Vegan Minestrone Soup


A hearty family favourite – perfect for a lazy winters meal. Serve with crusty bread and vegan parmesan.

Vegan Minestrone Soup

Servings 6 Servings
Prep Time 10 minutes
Cook Time 35 minutes
Total Time 45 minutes


  • Soup Pot
  • Cutting Board
  • Chopping Knife
  • Stirring utensil
  • Measuring Utensils: tbsp, tsp, 1/2 tsp, 1/8 cup, 1/2 cup and a cup


  • 1 tbsp olive oil
  • 1 brown onion (diced)
  • 1 carrot (peeled and sliced)
  • 1 zucchini (diced)
  • 2 stalks celery (sliced)
  • 1 tbsp fresh thyme
  • 1 small handful green beans (top and tailed and halved)
  • 5 1/2 cups vegetable stock
  • 2 potatoes (peeled and cubed)
  • 1 400 gram tin of kidney beans
  • 1 400 gram tin of crushed tomatoes
  • 2 tbsp tomato paste
  • 1 tbsp dried oregano
  • 1/8 cup chopped fresh parsley
  • 1 tsp pepper
  • 1/2 tsp salt
  • 100 grams pasta (pre-cooked) (we used gf elbows)

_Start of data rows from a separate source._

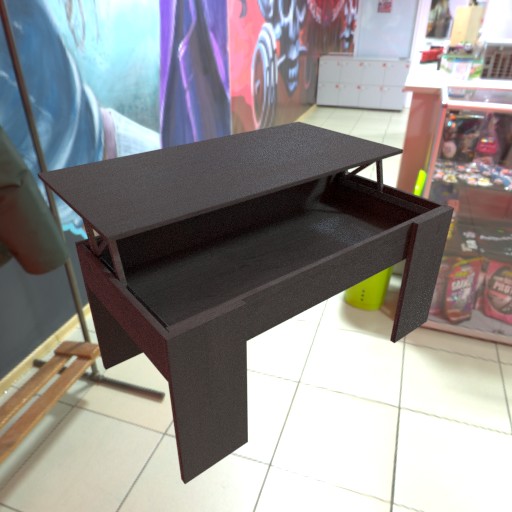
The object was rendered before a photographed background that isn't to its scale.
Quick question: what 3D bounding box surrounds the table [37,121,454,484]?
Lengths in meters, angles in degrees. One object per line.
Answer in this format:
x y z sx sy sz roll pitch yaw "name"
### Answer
0.000 0.000 1.409 1.000 0.570 0.711 -21 36 -33 "table"
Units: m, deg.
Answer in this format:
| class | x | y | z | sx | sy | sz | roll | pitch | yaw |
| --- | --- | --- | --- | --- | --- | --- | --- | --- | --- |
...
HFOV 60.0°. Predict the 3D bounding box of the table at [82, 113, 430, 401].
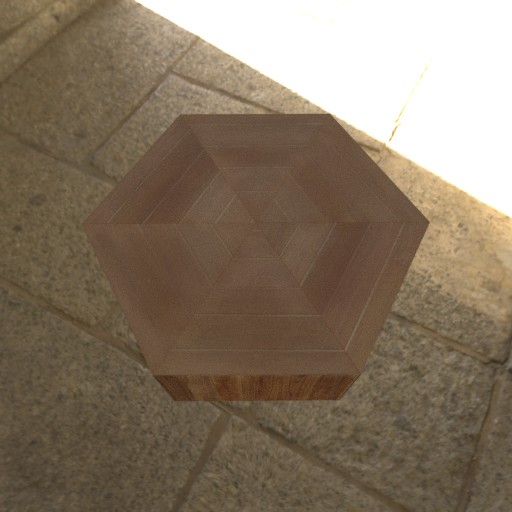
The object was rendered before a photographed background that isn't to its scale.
| class | x | y | z | sx | sy | sz | roll | pitch | yaw |
| --- | --- | --- | --- | --- | --- | --- | --- | --- | --- |
| table | 0.000 | 0.000 | 1.667 | 1.154 | 0.456 | 1.000 | 0 | 61 | 0 |
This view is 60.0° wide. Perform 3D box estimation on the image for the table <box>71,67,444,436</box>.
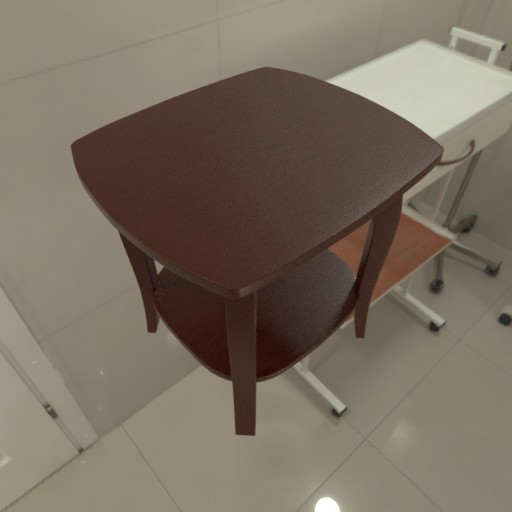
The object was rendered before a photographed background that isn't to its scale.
[{"bbox_3d":[0.000,0.000,0.865,0.502,0.496,0.433,-33,54,-27],"label":"table"}]
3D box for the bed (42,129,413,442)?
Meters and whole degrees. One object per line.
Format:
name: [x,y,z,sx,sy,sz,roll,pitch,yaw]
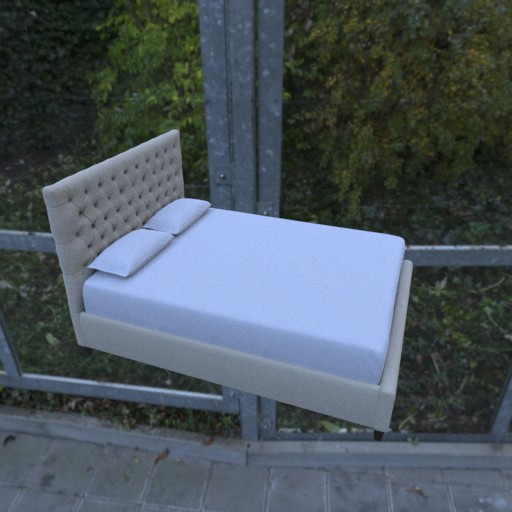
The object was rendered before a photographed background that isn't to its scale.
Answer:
bed: [0.000,0.000,3.517,2.387,1.427,1.698,10,31,18]
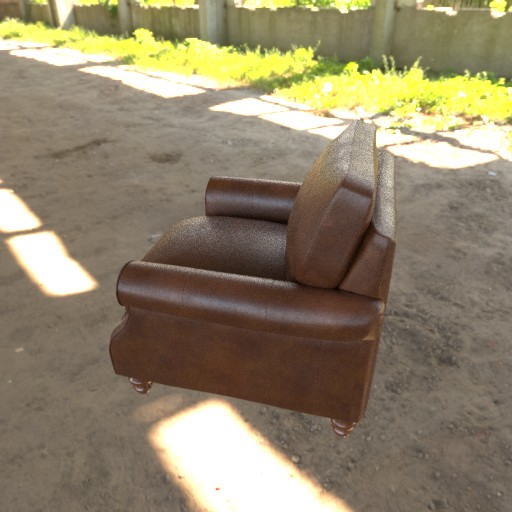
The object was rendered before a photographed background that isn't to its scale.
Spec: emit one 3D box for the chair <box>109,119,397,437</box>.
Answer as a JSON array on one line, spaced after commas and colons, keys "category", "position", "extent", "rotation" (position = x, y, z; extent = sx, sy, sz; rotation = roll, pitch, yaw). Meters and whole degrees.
[{"category": "chair", "position": [0.000, 0.000, 1.769], "extent": [0.992, 0.972, 0.989], "rotation": [8, 31, 13]}]

  • Add a tbsp of olive oil to a soup pot over medium-high heat. Give it a minute to reach temperature and then add onions and saute until they turn translucent, then add celery, carrot, zucchini and thyme. Saute for about 3-5 minutes until the veggies soften a little.
  • Add to the pot: stock, crushed tomatoes, tomato paste, dried oregano, salt and pepper, kidney beans, potatoes and green beans. Give it a good stir and let simmer for about 15-20 minutes or until the potatoes are soft.
  • Add in your pre cooked pasta and adjust salt and pepper to taste. Garnish with fresh parsley and serve with crusty bread and vegan butter.